CS-specific auditory memory and control of memory detail, induced by tone paired with stimulation of the nucleus basalis (respiration responses to post-training tone and generalization gradients). (A) Individual respiration records (with value of respiration change index, RCI) to three frequencies (2, 6 and 12 kHz) for one animal each from the paired and unpaired groups. The largest response was at the CS frequency of 6 kHz for the paired animal (RCI = 0.50). Horizontal bar indicates tone duration. (B) Left panel, group mean (± SE) change in respiration to all tones for both groups. Note that the maximal response was at 6 kHz for the paired group, but not for the unpaired group. The group difference function (paired minus unpaired) (right panel) shows a high degree of specificity of respiratory responses to 6 kHz. (C) Level of NB stimulation controls specificity of contents of memory. Pre-training responses to test tones in the Moderate and Weak NB stimulation (NBs) groups. (D) Post-training responses for the Moderate NBs groups. Note the significant difference between the paired and unpaired groups, confined to the CS-band frequencies. This indicates that training with a moderate level of NBs produced memory that was both associative and CS-specific. (E) Comparisons of changes within the Moderate group (post- minus pre-training responses to test tones). Note that the paired group had developed a significant increase to the CS-band frequencies only, while the unpaired group had developed a significant decrease, probably indicating frequency-specific habituation due to lack of pairing with NB stimulation. (F) Post-training responses for the Weak NBs groups. In contrast to the Moderate NBs group, pairing produced a significant difference in response across all test frequencies compared to its unpaired controls. This indicates that training with weak NBs was sufficient to produce associative memory but insufficient to produce memory for frequency detail, i.e., memory that the frequency of the CS was paired with NBs. (G) Comparisons of changes within the Weak NBs groups showed that the paired group did not develop absolute increased responses but that the unpaired group did develop significant decreases in responses across the spectrum of test frequencies. Thus, pairing the CS with weak NBs apparently prevented a habituatory decrement in the Weak paired group, which is evident in the Weak unpaired group.

Figure 5

The model of ARP and autonomic conditioned responses based on convergence of the CS and US in the magnocellular medial geniculate.

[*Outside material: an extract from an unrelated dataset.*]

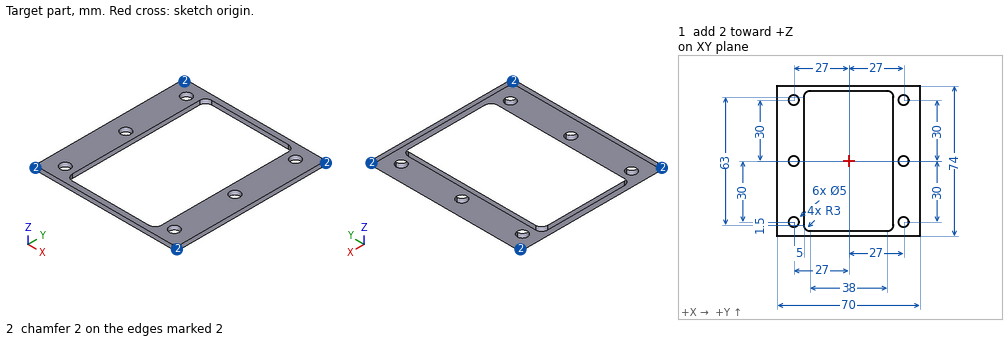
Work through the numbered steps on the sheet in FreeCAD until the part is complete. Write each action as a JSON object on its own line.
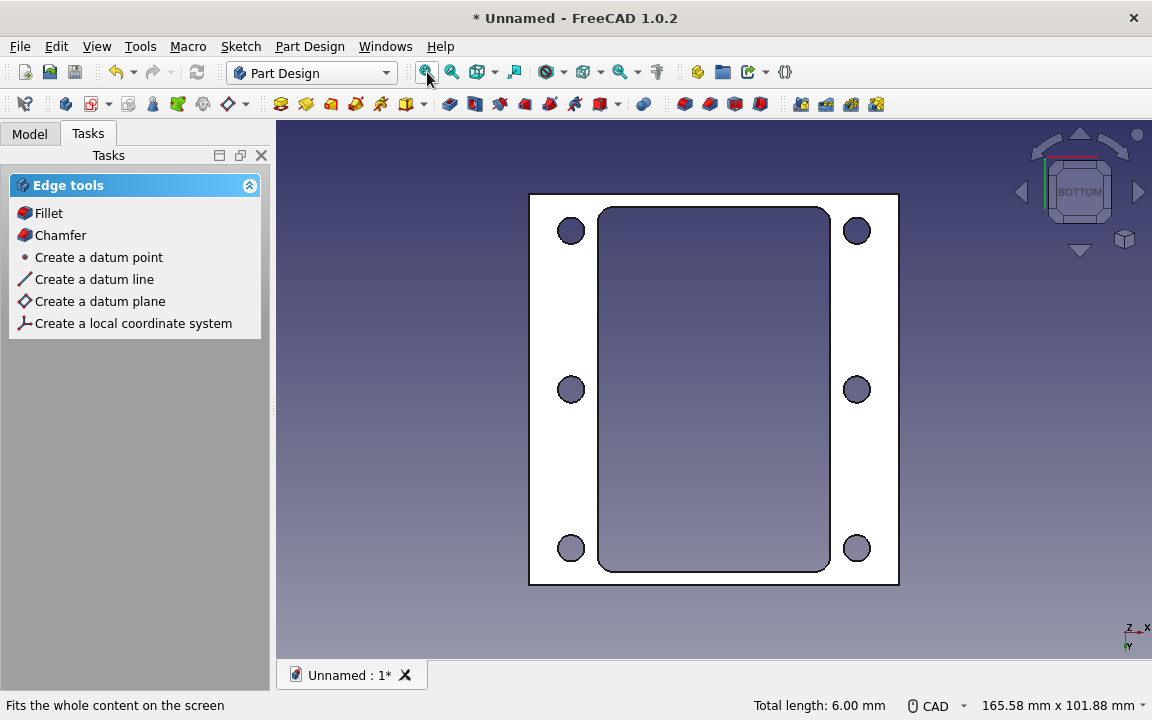
{"action": "scroll", "coordinate": [529, 584], "scroll_direction": "up", "scroll_amount": 7}

This model hypothesizes the minimal circuitry that would be sufficient to account for short and long term associative representational plasticity and rapidly-acquired conditioned autonomic responses. See text for details.

Figure 6

Learning without plasticity of frequency processing. The development of ARP, in the form of CS-specific reduction of threshold and bandwidth, depends on “modest” change in training protocol. (A) Protocol for Easy and Difficult task groups, the latter differing only in the non-punishment/error signal during 2 s at tone offset. (B) The Difficult group never learned to inhibit responses during the 2 s catch period, in contrast to the Easy group which learned to inhibit rapidly; note the difference in Y-axis values. (C) Learning curves showing the retarded acquisition of the Difficult group until the 17^th training day at which time they achieved the same asymptotic performance as the Easy group, by learning to inhibit responses during silence, when error signal was present after 2 s catch period. (Performance = bar presses during the tone divided by total bar presses during intertrial period when error signal was equally present for both groups). Inset: behavioral generalization gradients (without reward) showing same behavior. (D) Frequency response areas (FRAs) with the same CF showing a decrease in threshold and reduction in bandwidth at the CS frequency (5.0 kHz) for Difficult training. (No tuning shifts were found across A1 in this study.) (E) Thresholds and BW20 for Easy, Difficult and Naïve (untrained) groups. The only significant effects were found in the Difficult group: a decrease in threshold (increased sensitivity) and a narrowing of bandwidth (increased selectivity) for octave band containing the CS frequency.